I have an existing data set that utilizes an integer to store multiple values; the legacy front end did a simple bitwise check (e.g. in C#: iValues & 16 == 16) to see if a particular value was set. Is it possible to do bitwise operations in XSL, and more explicitly, to do bit level comparisons via masking? The built-in "and" will always result in "true" or "false", but perhaps it's possible via the math operators available?
I'm currently using .NET 2.0, which uses XSLT 1.0.
XSLT is Turing-complete, see for example here or here, hence it can be done. But I have used XSLT only one or two times and can give no solution.
UPDATE
I just read a tutorial again and found a solution using the following fact. bitset(x, n) returns true, if the n-th bit of x is set, false otherwise.
bitset(x, n) := floor(x / 2^n) mod 2 == 1
The following XSLT
<?xml version="1.0" encoding="ISO-8859-1"?>
<xsl:stylesheet version="1.0" xmlns:xsl="http://www.w3.org/1999/XSL/Transform">
<xsl:template match="/">
<html>
<body>
<table border="1" style="text-align:center;">
<tr bgcolor="#9acd32">
<th>Number</th>
<th>Bit 3</th>
<th>Bit 2</th>
<th>Bit 1</th>
<th>Bit 0</th>
</tr>
<xsl:for-each select="numbers/number">
<tr>
<td>
<xsl:value-of select="."/>
</td>
<td>
<xsl:choose>
<xsl:when test="floor(. div 8) mod 2 = 1">1</xsl:when>
<xsl:otherwise>0</xsl:otherwise>
</xsl:choose>
</td>
<td>
<xsl:choose>
<xsl:when test="floor(. div 4) mod 2 = 1">1</xsl:when>
<xsl:otherwise>0</xsl:otherwise>
</xsl:choose>
</td>
<td>
<xsl:choose>
<xsl:when test="floor(. div 2) mod 2 = 1">1</xsl:when>
<xsl:otherwise>0</xsl:otherwise>
</xsl:choose>
</td>
<td>
<xsl:choose>
<xsl:when test="floor(. div 1) mod 2 = 1">1</xsl:when>
<xsl:otherwise>0</xsl:otherwise>
</xsl:choose>
</td>
</tr>
</xsl:for-each>
</table>
</body>
</html>
</xsl:template>
</xsl:stylesheet>
will turn this XML
<?xml version="1.0" encoding="ISO-8859-1"?>
<numbers>
<number>0</number>
<number>1</number>
<number>2</number>
<number>3</number>
<number>4</number>
<number>5</number>
<number>6</number>
<number>7</number>
<number>8</number>
<number>9</number>
<number>10</number>
<number>11</number>
<number>12</number>
<number>13</number>
<number>14</number>
<number>15</number>
</numbers>
into a HTML document with a table showing the bits of the numbers.
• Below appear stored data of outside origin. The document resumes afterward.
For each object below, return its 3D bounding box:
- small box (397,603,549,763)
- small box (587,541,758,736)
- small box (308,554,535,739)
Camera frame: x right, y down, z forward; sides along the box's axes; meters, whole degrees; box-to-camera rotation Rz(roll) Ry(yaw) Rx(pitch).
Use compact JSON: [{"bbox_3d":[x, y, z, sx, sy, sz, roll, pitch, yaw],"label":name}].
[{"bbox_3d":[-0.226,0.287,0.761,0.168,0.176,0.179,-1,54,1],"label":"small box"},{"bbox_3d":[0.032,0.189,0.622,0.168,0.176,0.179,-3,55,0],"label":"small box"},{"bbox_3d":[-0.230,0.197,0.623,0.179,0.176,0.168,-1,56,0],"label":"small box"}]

Number | Bit 3 | Bit 2 | Bit 1 | Bit 0
---------------------------------------
0 | 0 | 0 | 0 | 0
1 | 0 | 0 | 0 | 1
2 | 0 | 0 | 1 | 0
3 | 0 | 0 | 1 | 1
4 | 0 | 1 | 0 | 0
5 | 0 | 1 | 0 | 1
6 | 0 | 1 | 1 | 0
7 | 0 | 1 | 1 | 1
8 | 1 | 0 | 0 | 0
9 | 1 | 0 | 0 | 1
10 | 1 | 0 | 1 | 0
11 | 1 | 0 | 1 | 1
12 | 1 | 1 | 0 | 0
13 | 1 | 1 | 0 | 1
14 | 1 | 1 | 1 | 0
15 | 1 | 1 | 1 | 1
This is neither elegant nor nice in any way and there are probably much simpler solution, but it works. And given that it is my first contact with XSLT, I am quite satisfied.
I haven't seen anything like this in XSLT / XPath. But I've found someone implementing this kind of operations manually. Maybe you could use the same approach, if you really need to.
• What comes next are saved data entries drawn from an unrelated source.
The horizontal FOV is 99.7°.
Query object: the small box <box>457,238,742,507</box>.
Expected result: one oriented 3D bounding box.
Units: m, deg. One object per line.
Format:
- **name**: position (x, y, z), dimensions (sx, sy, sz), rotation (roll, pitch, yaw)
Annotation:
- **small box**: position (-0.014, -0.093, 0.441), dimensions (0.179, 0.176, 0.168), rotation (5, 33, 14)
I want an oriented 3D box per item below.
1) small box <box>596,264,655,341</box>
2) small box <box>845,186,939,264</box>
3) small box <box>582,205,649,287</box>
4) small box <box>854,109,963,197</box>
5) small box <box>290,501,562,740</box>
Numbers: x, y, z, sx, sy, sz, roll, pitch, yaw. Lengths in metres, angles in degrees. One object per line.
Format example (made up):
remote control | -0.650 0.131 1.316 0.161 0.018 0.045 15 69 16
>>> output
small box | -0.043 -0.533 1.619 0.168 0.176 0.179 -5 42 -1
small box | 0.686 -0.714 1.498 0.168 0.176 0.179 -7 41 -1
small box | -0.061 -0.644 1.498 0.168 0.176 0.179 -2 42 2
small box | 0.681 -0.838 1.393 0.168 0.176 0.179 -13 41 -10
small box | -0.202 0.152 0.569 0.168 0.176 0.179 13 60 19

XSLT does not define bitwise operations. If you want them, you have to roll your own.
If you're using XSLT specifically in .NET 2.0 context - that is, XslCompiledTransform class - then the simplest solution is to use a scripting block to introduce a C# function that does it, and then just call that:
<xsl:stylesheet xmlns:bitwise="urn:bitwise">
<msxsl:script language="CSharp" implements-prefix="bitwise">
<![CDATA[
public int and(int x, int y) { return x & y; }
public int or(int x, int y) { return x | y; }
...
]]>
</msxsl:script>
...
<xsl:value-of select="bitwise:and(@foo, @bar)" />
<xsl:value-of select="bitwise:or(@foo, @bar)" />
...
</xsl:stylesheet>
Or you can define the more high-level primitives in a scripting block, such as HasFlag, and then use those.
When loading such a stylesheet, you will need to explicitly enable scripting in it:
XslCompiledTransform xslt = new XslCompiledTransform();
xslt.Load("foo.xsl",
new XsltSettings { EnableScript = true },
new XmlUrlResolver());